A persistent claim about retiring early is that it favors a certain personality type. This rumor started over a decade ago with a survey comparing personality types with financial-management skills. It was an informal query, not a statistically significant study, and the data is self-reported by the (mostly anonymous) participants.

The Myers-Briggs Type Indicator claims that our personality types can be broken down into 16 different categories. The details of those categories are far beyond the scope of this post, but two of the types are introverts and extroverts.
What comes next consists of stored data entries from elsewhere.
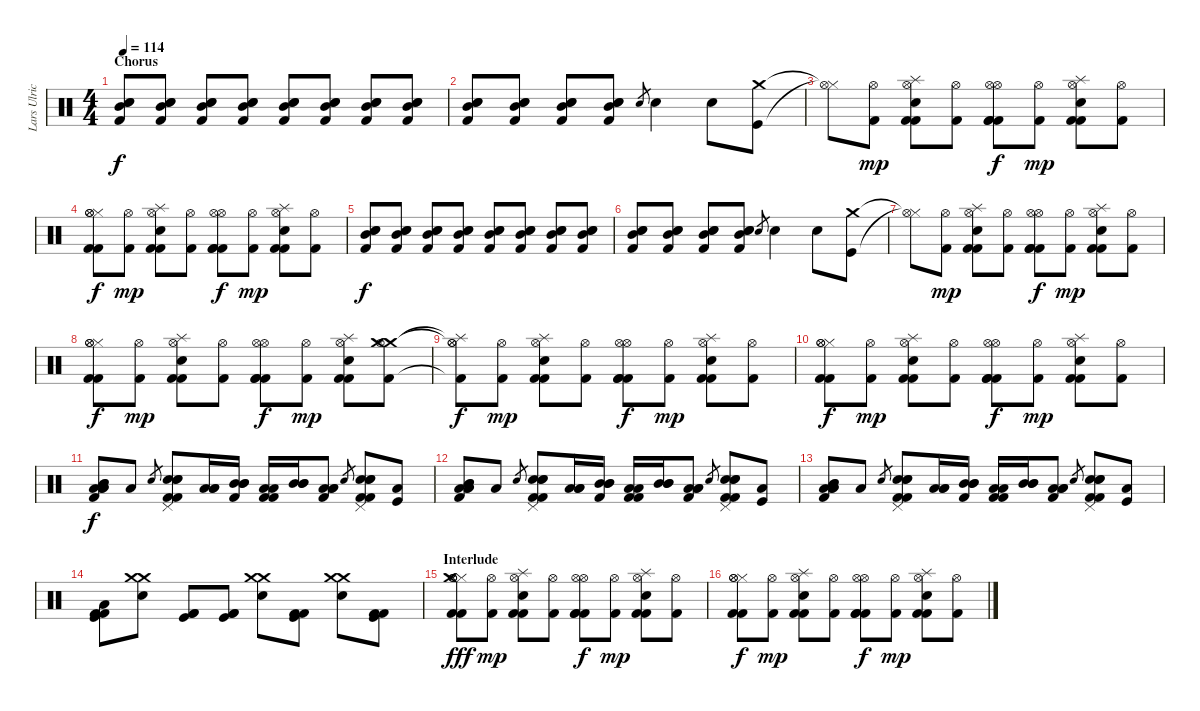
\track ("Lars Ulrich" "Lars Ulric") {instrument percussion}
\staff {score}
\articulation defaults
\ts (4 4)
\section ("" "Chorus")
\tempo 114
\clef neutral
\ks c
("Electric Snare (hit)" "Mid Tom (hit)" "Electric Snare (hit)" "Kick (hit) 2").8{dy f} ("Electric Snare (hit)" "Mid Tom (hit)" "Electric Snare (hit)" "Kick (hit) 2").8 ("Electric Snare (hit)" "Mid Tom (hit)" "Electric Snare (hit)" "Kick (hit) 2").8 ("Electric Snare (hit)" "Mid Tom (hit)" "Electric Snare (hit)" "Kick (hit) 2").8 ("Electric Snare (hit)" "Mid Tom (hit)" "Electric Snare (hit)" "Kick (hit) 2").8 ("Electric Snare (hit)" "Mid Tom (hit)" "Electric Snare (hit)" "Kick (hit) 2").8 ("Electric Snare (hit)" "Mid Tom (hit)" "Electric Snare (hit)" "Kick (hit) 2").8 ("Electric Snare (hit)" "Mid Tom (hit)" "Electric Snare (hit)" "Kick (hit) 2").8 |
("Electric Snare (hit)" "Mid Tom (hit)" "Electric Snare (hit)" "Kick (hit) 2").8 ("Electric Snare (hit)" "Mid Tom (hit)" "Electric Snare (hit)" "Kick (hit) 2").8 ("Electric Snare (hit)" "Mid Tom (hit)" "Electric Snare (hit)" "Kick (hit) 2").8 ("Electric Snare (hit)" "Mid Tom (hit)" "Electric Snare (hit)" "Kick (hit) 2").8 "Electric Snare (hit)".8{gr} "Electric Snare (hit)".4 "Electric Snare (hit)".8 ("Kick (hit)" "Crash medium (hit)").8 |
("Hi-Hat (closed)"{t} "Hi-Hat (open)"{t}).8 ("Hi-Hat (open)" "Kick (hit) 2").8{dy mp} ("Snare (hit) 2" "Splash (hit)" "Hi-Hat (open)" "Kick (hit) 2" "Kick (hit) 2").8 ("Hi-Hat (open)" "Kick (hit) 2").8 ("Kick (hit) 2" "Hi-Hat (open)" "Hi-Hat (open)" "Kick (hit) 2" "Kick (hit) 2").8{dy f} ("Hi-Hat (open)" "Kick (hit) 2").8{dy mp} ("Snare (hit) 2" "Splash (hit)" "Hi-Hat (open)" "Kick (hit) 2" "Kick (hit) 2").8 ("Hi-Hat (open)" "Kick (hit) 2").8 |
("Hi-Hat (closed)" "Hi-Hat (open)" "Hi-Hat (open)" "Kick (hit) 2" "Kick (hit) 2").8{dy f} ("Hi-Hat (open)" "Kick (hit) 2").8{dy mp} ("Snare (hit) 2" "Splash (hit)" "Hi-Hat (open)" "Kick (hit) 2" "Kick (hit) 2").8 ("Hi-Hat (open)" "Kick (hit) 2").8 ("Kick (hit) 2" "Hi-Hat (open)" "Hi-Hat (open)" "Kick (hit) 2" "Kick (hit) 2").8{dy f} ("Hi-Hat (open)" "Kick (hit) 2").8{dy mp} ("Snare (hit) 2" "Splash (hit)" "Hi-Hat (open)" "Kick (hit) 2" "Kick (hit) 2").8 ("Hi-Hat (open)" "Kick (hit) 2").8 |
("Electric Snare (hit)" "Mid Tom (hit)" "Electric Snare (hit)" "Kick (hit) 2").8{dy f} ("Electric Snare (hit)" "Mid Tom (hit)" "Electric Snare (hit)" "Kick (hit) 2").8 ("Electric Snare (hit)" "Mid Tom (hit)" "Electric Snare (hit)" "Kick (hit) 2").8 ("Electric Snare (hit)" "Mid Tom (hit)" "Electric Snare (hit)" "Kick (hit) 2").8 ("Electric Snare (hit)" "Mid Tom (hit)" "Electric Snare (hit)" "Kick (hit) 2").8 ("Electric Snare (hit)" "Mid Tom (hit)" "Electric Snare (hit)" "Kick (hit) 2").8 ("Electric Snare (hit)" "Mid Tom (hit)" "Electric Snare (hit)" "Kick (hit) 2").8 ("Electric Snare (hit)" "Mid Tom (hit)" "Electric Snare (hit)" "Kick (hit) 2").8 |
("Electric Snare (hit)" "Mid Tom (hit)" "Electric Snare (hit)" "Kick (hit) 2").8 ("Electric Snare (hit)" "Mid Tom (hit)" "Electric Snare (hit)" "Kick (hit) 2").8 ("Electric Snare (hit)" "Mid Tom (hit)" "Electric Snare (hit)" "Kick (hit) 2").8 ("Electric Snare (hit)" "Mid Tom (hit)" "Electric Snare (hit)" "Kick (hit) 2").8 "Electric Snare (hit)".8{gr} "Electric Snare (hit)".4 "Electric Snare (hit)".8 ("Kick (hit)" "Crash medium (hit)").8 |
("Hi-Hat (closed)"{t} "Hi-Hat (open)"{t}).8 ("Hi-Hat (open)" "Kick (hit) 2").8{dy mp} ("Snare (hit) 2" "Splash (hit)" "Hi-Hat (open)" "Kick (hit) 2" "Kick (hit) 2").8 ("Hi-Hat (open)" "Kick (hit) 2").8 ("Kick (hit) 2" "Hi-Hat (open)" "Hi-Hat (open)" "Kick (hit) 2" "Kick (hit) 2").8{dy f} ("Hi-Hat (open)" "Kick (hit) 2").8{dy mp} ("Snare (hit) 2" "Splash (hit)" "Hi-Hat (open)" "Kick (hit) 2" "Kick (hit) 2").8 ("Hi-Hat (open)" "Kick (hit) 2").8 |
("Hi-Hat (closed)" "Hi-Hat (open)" "Hi-Hat (open)" "Kick (hit) 2" "Kick (hit) 2").8{dy f} ("Hi-Hat (open)" "Kick (hit) 2").8{dy mp} ("Snare (hit) 2" "Splash (hit)" "Hi-Hat (open)" "Kick (hit) 2" "Kick (hit) 2").8 ("Hi-Hat (open)" "Kick (hit) 2").8 ("Kick (hit) 2" "Hi-Hat (open)" "Hi-Hat (open)" "Kick (hit) 2" "Kick (hit) 2").8{dy f} ("Hi-Hat (open)" "Kick (hit) 2").8{dy mp} ("Snare (hit) 2" "Splash (hit)" "Hi-Hat (open)" "Kick (hit) 2" "Kick (hit) 2").8 ("Crash medium (hit)" "Crash medium (hit)" "Hi-Hat (open)" "Kick (hit) 2").8 |
("Splash (hit)"{t} "Hi-Hat (open)"{t} "Hi-Hat (open)" "Kick (hit) 2"{t}).8{dy f} ("Hi-Hat (open)" "Kick (hit) 2").8{dy mp} ("Snare (hit) 2" "Splash (hit)" "Hi-Hat (open)" "Kick (hit) 2" "Kick (hit) 2").8 ("Hi-Hat (open)" "Kick (hit) 2").8 ("Kick (hit) 2" "Hi-Hat (open)" "Hi-Hat (open)" "Kick (hit) 2" "Kick (hit) 2").8{dy f} ("Hi-Hat (open)" "Kick (hit) 2").8{dy mp} ("Snare (hit) 2" "Splash (hit)" "Hi-Hat (open)" "Kick (hit) 2" "Kick (hit) 2").8 ("Hi-Hat (open)" "Kick (hit) 2").8 |
("Hi-Hat (closed)" "Hi-Hat (open)" "Hi-Hat (open)" "Kick (hit) 2" "Kick (hit) 2").8{dy f} ("Hi-Hat (open)" "Kick (hit) 2").8{dy mp} ("Snare (hit) 2" "Splash (hit)" "Hi-Hat (open)" "Kick (hit) 2" "Kick (hit) 2").8 ("Hi-Hat (open)" "Kick (hit) 2").8 ("Kick (hit) 2" "Hi-Hat (open)" "Hi-Hat (open)" "Kick (hit) 2" "Kick (hit) 2").8{dy f} ("Hi-Hat (open)" "Kick (hit) 2").8{dy mp} ("Snare (hit) 2" "Splash (hit)" "Hi-Hat (open)" "Kick (hit) 2" "Kick (hit) 2").8 ("Hi-Hat (open)" "Kick (hit) 2").8 |
("Mid Tom (hit)" "Low Floor Tom (hit)" "Kick (hit) 2" "Mid Tom (hit)" "Low Floor Tom (hit)" "Low Floor Tom (hit)").8{dy f} "Low Floor Tom (hit)".8 "Electric Snare (hit)".8{gr} ("Pedal Hi-Hat (hit)" "Electric Snare (hit)" "Electric Snare (hit)" "Electric Snare (hit)" "Kick (hit) 2" "Kick (hit) 2").8 ("Low Floor Tom (hit)" "Low Floor Tom (hit)" "Low Floor Tom (hit)").16 ("Kick (hit) 2" "Mid Tom (hit)" "Mid Tom (hit)" "Mid Tom (hit)").16 ("Kick (hit) 2" "Low Floor Tom (hit)" "Low Floor Tom (hit)" "Kick (hit) 2").16 ("Mid Tom (hit)" "Mid Tom (hit)" "Mid Tom (hit)").16 ("Kick (hit) 2" "Low Floor Tom (hit)" "Low Floor Tom (hit)" "Low Floor Tom (hit)").8 "Electric Snare (hit)".8{gr} ("Pedal Hi-Hat (hit)" "Electric Snare (hit)" "Electric Snare (hit)" "Electric Snare (hit)" "Kick (hit) 2" "Kick (hit) 2").8 ("Kick (hit)" "Low Floor Tom (hit)").8 |
("Mid Tom (hit)" "Low Floor Tom (hit)" "Kick (hit) 2" "Mid Tom (hit)" "Low Floor Tom (hit)" "Low Floor Tom (hit)").8 "Low Floor Tom (hit)".8 "Electric Snare (hit)".8{gr} ("Pedal Hi-Hat (hit)" "Electric Snare (hit)" "Electric Snare (hit)" "Electric Snare (hit)" "Kick (hit) 2" "Kick (hit) 2").8 ("Low Floor Tom (hit)" "Low Floor Tom (hit)" "Low Floor Tom (hit)").16 ("Kick (hit) 2" "Mid Tom (hit)" "Mid Tom (hit)" "Mid Tom (hit)").16 ("Kick (hit) 2" "Low Floor Tom (hit)" "Low Floor Tom (hit)" "Kick (hit) 2").16 ("Mid Tom (hit)" "Mid Tom (hit)" "Mid Tom (hit)").16 ("Kick (hit) 2" "Low Floor Tom (hit)" "Low Floor Tom (hit)" "Low Floor Tom (hit)").8 "Electric Snare (hit)".8{gr} ("Pedal Hi-Hat (hit)" "Electric Snare (hit)" "Electric Snare (hit)" "Electric Snare (hit)" "Kick (hit) 2" "Kick (hit) 2").8 ("Kick (hit)" "Low Floor Tom (hit)").8 |
("Mid Tom (hit)" "Low Floor Tom (hit)" "Kick (hit) 2" "Mid Tom (hit)" "Low Floor Tom (hit)" "Low Floor Tom (hit)").8 "Low Floor Tom (hit)".8 "Electric Snare (hit)".8{gr} ("Pedal Hi-Hat (hit)" "Electric Snare (hit)" "Electric Snare (hit)" "Electric Snare (hit)" "Kick (hit) 2" "Kick (hit) 2").8 ("Low Floor Tom (hit)" "Low Floor Tom (hit)" "Low Floor Tom (hit)").16 ("Kick (hit) 2" "Mid Tom (hit)" "Mid Tom (hit)" "Mid Tom (hit)").16 ("Kick (hit) 2" "Low Floor Tom (hit)" "Low Floor Tom (hit)" "Kick (hit) 2").16 ("Mid Tom (hit)" "Mid Tom (hit)" "Mid Tom (hit)").16 ("Kick (hit) 2" "Low Floor Tom (hit)" "Low Floor Tom (hit)" "Low Floor Tom (hit)").8 "Electric Snare (hit)".8{gr} ("Pedal Hi-Hat (hit)" "Electric Snare (hit)" "Electric Snare (hit)" "Electric Snare (hit)" "Kick (hit) 2" "Kick (hit) 2").8 ("Kick (hit)" "Low Floor Tom (hit)").8 |
("Kick (hit)" "Low Floor Tom (hit)" "Kick (hit) 2" "Kick (hit) 2").8 ("Electric Snare (hit)" "Crash medium (hit)" "Crash medium (hit)").8 ("Kick (hit)" "Kick (hit) 2" "Kick (hit) 2").8 ("Kick (hit)" "Kick (hit) 2" "Kick (hit) 2").8 ("Electric Snare (hit)" "Crash medium (hit)" "Crash medium (hit)").8 ("Kick (hit)" "Kick (hit) 2" "Kick (hit) 2").8 ("Electric Snare (hit)" "Crash medium (hit)" "Crash medium (hit)").8 ("Kick (hit)" "Kick (hit) 2" "Kick (hit) 2").8 |
\section ("" "Interlude")
("Hi-Hat (closed)" "Hi-Hat (open)" "Hi-Hat (open)" "Kick (hit) 2" "Kick (hit) 2" "Crash medium (hit)").8{dy fff} ("Hi-Hat (open)" "Kick (hit) 2").8{dy mp} ("Snare (hit) 2" "Splash (hit)" "Hi-Hat (open)" "Kick (hit) 2" "Kick (hit) 2").8 ("Hi-Hat (open)" "Kick (hit) 2").8 ("Kick (hit) 2" "Hi-Hat (open)" "Hi-Hat (open)" "Kick (hit) 2" "Kick (hit) 2").8{dy f} ("Hi-Hat (open)" "Kick (hit) 2").8{dy mp} ("Snare (hit) 2" "Splash (hit)" "Hi-Hat (open)" "Kick (hit) 2" "Kick (hit) 2").8 ("Hi-Hat (open)" "Kick (hit) 2").8 |
("Hi-Hat (closed)" "Hi-Hat (open)" "Hi-Hat (open)" "Kick (hit) 2" "Kick (hit) 2").8{dy f} ("Hi-Hat (open)" "Kick (hit) 2").8{dy mp} ("Snare (hit) 2" "Splash (hit)" "Hi-Hat (open)" "Kick (hit) 2" "Kick (hit) 2").8 ("Hi-Hat (open)" "Kick (hit) 2").8 ("Kick (hit) 2" "Hi-Hat (open)" "Hi-Hat (open)" "Kick (hit) 2" "Kick (hit) 2").8{dy f} ("Hi-Hat (open)" "Kick (hit) 2").8{dy mp} ("Snare (hit) 2" "Splash (hit)" "Hi-Hat (open)" "Kick (hit) 2" "Kick (hit) 2").8 ("Hi-Hat (open)" "Kick (hit) 2").8

Both terms have their own positive & negative connotations, but Myers-Briggs defines “introvert” as “inner-directed”. In this context an introvert tends to seek inward rather than outward. It doesn’t imply that they’re shy or antisocial, but rather that they’re comfortable with being alone. They may also be uncomfortable in large groups and could grow tired of the crowds more quickly than extroverts. Extroverts, of course, prefer the stimulation of crowds and thrive on group activities. Each personality type may have difficulty appreciating the other.

The MBTI test has been administered to millions of people over several decades but it’s still subject to controversy as a credible psychological tool. One problem is that it depends on self-reporting and its results can be skewed by a knowledgeable respondent. Another problem is that the results aren’t as highly reproducible as other tests– and people’s types tend to change over the years. A widely reported issue has been employer attempts to use the test results to classify workers into jobs. The test only explores a respondent’s preferences, not their abilities or skills, and it doesn’t predict career success.

Despite its detractors, the MBTI is enormously popular as a self-assessment tool. If the 16 different type categories were evenly distributed then each would account for about 6% of the population and no category would be considered exceptional. However, the U.S. population is unevenly distributed  and the characteristics of some personality types receive more media attention than others.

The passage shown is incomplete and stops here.